• [Problem to solve]: The line containing "Provide a short" marks the start. Restate it and every following line through the end of the records exactly, and nothing else, leaving out the pictures.

• [Stored dataset items]:
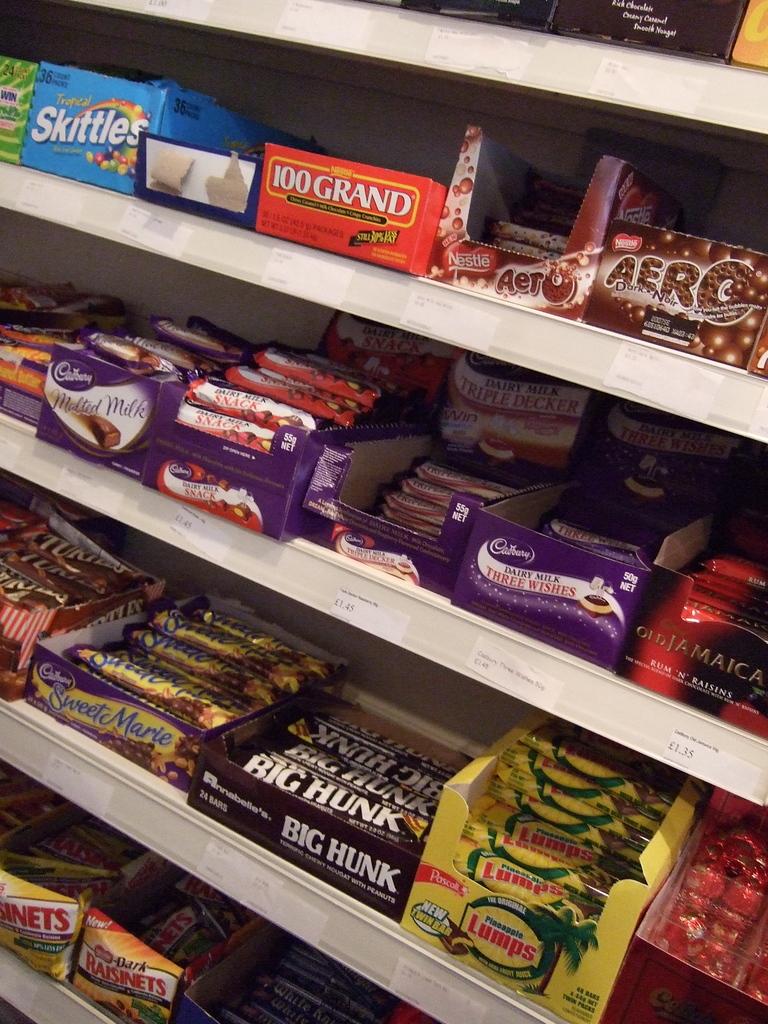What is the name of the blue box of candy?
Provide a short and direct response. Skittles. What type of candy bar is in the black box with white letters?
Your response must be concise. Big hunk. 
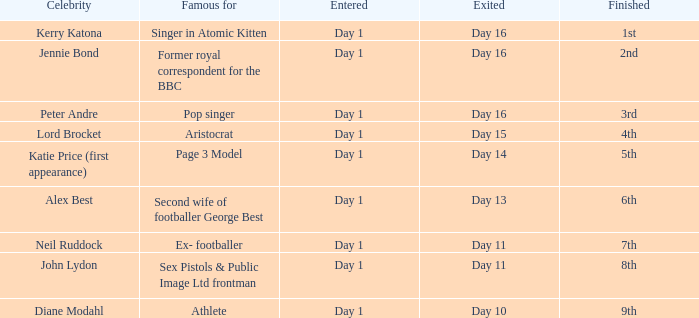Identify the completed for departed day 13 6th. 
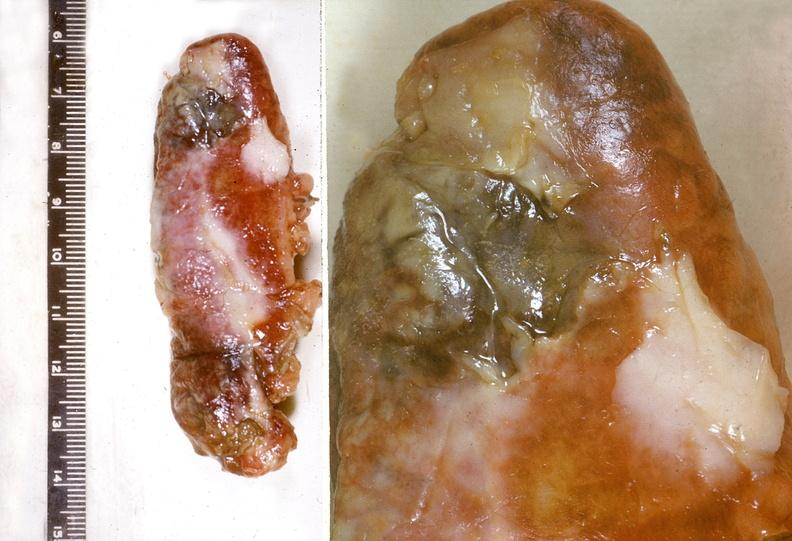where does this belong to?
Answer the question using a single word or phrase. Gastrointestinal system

• [Solution to this problem]:
Provide a short and direct response. Skittles. What type of candy bar is in the black box with white letters?
Your response must be concise. Big hunk. 
Identify the completed for departed day 13 6th. 
where does this belong to?
Answer the question using a single word or phrase. Gastrointestinal system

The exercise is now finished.